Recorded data
=== Begin Enclosure ===

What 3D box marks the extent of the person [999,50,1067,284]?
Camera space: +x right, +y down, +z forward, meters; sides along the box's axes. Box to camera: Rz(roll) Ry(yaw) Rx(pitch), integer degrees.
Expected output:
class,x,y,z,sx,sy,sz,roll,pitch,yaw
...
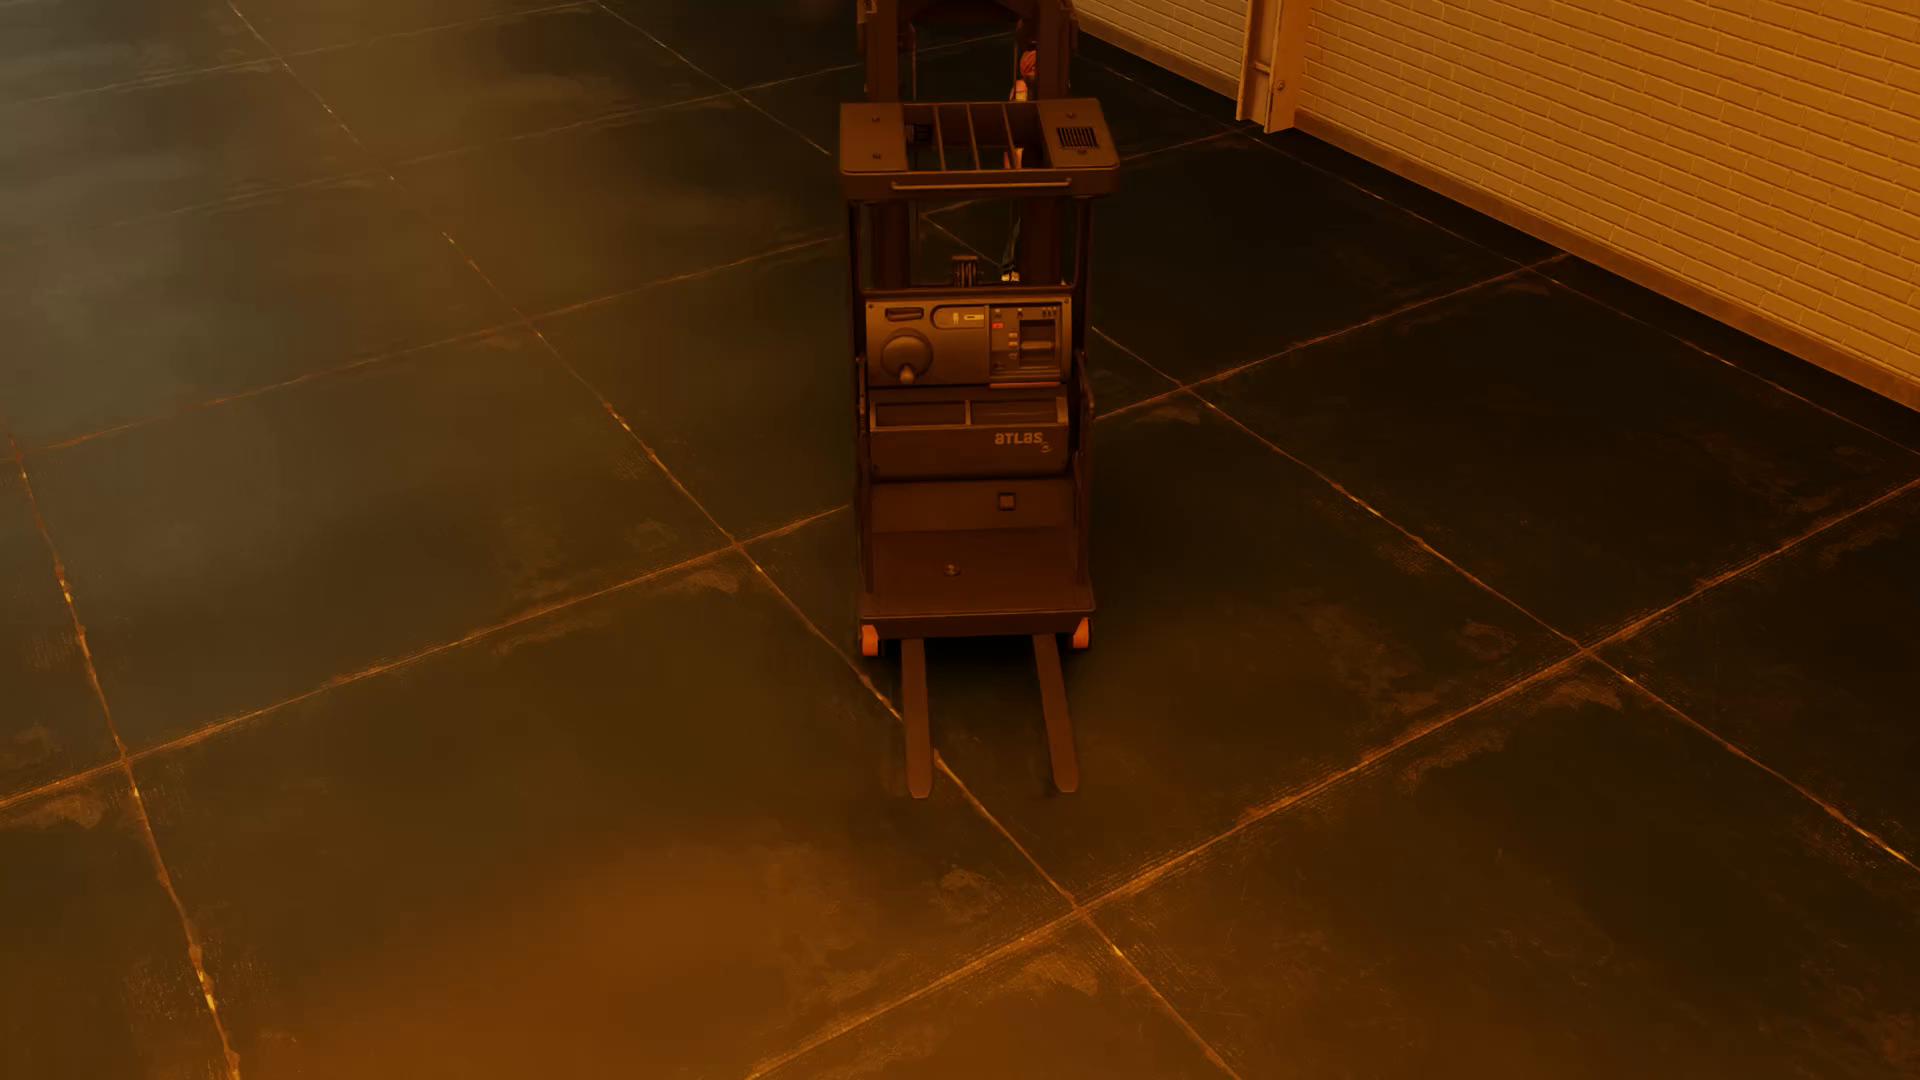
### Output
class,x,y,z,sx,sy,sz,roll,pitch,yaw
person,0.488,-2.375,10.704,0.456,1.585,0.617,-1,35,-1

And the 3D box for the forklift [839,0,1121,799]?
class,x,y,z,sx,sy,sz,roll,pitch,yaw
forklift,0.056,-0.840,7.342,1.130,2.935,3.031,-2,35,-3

=== End Enclosure ===

Skip every picture and transcribe the data above exactly.

What 3D box marks the extent of the person [999,50,1067,284]?
Camera space: +x right, +y down, +z forward, meters; sides along the box's axes. Box to camera: Rz(roll) Ry(yaw) Rx(pitch), integer degrees.
Expected output:
class,x,y,z,sx,sy,sz,roll,pitch,yaw
...
### Output
class,x,y,z,sx,sy,sz,roll,pitch,yaw
person,0.488,-2.375,10.704,0.456,1.585,0.617,-1,35,-1

And the 3D box for the forklift [839,0,1121,799]?
class,x,y,z,sx,sy,sz,roll,pitch,yaw
forklift,0.056,-0.840,7.342,1.130,2.935,3.031,-2,35,-3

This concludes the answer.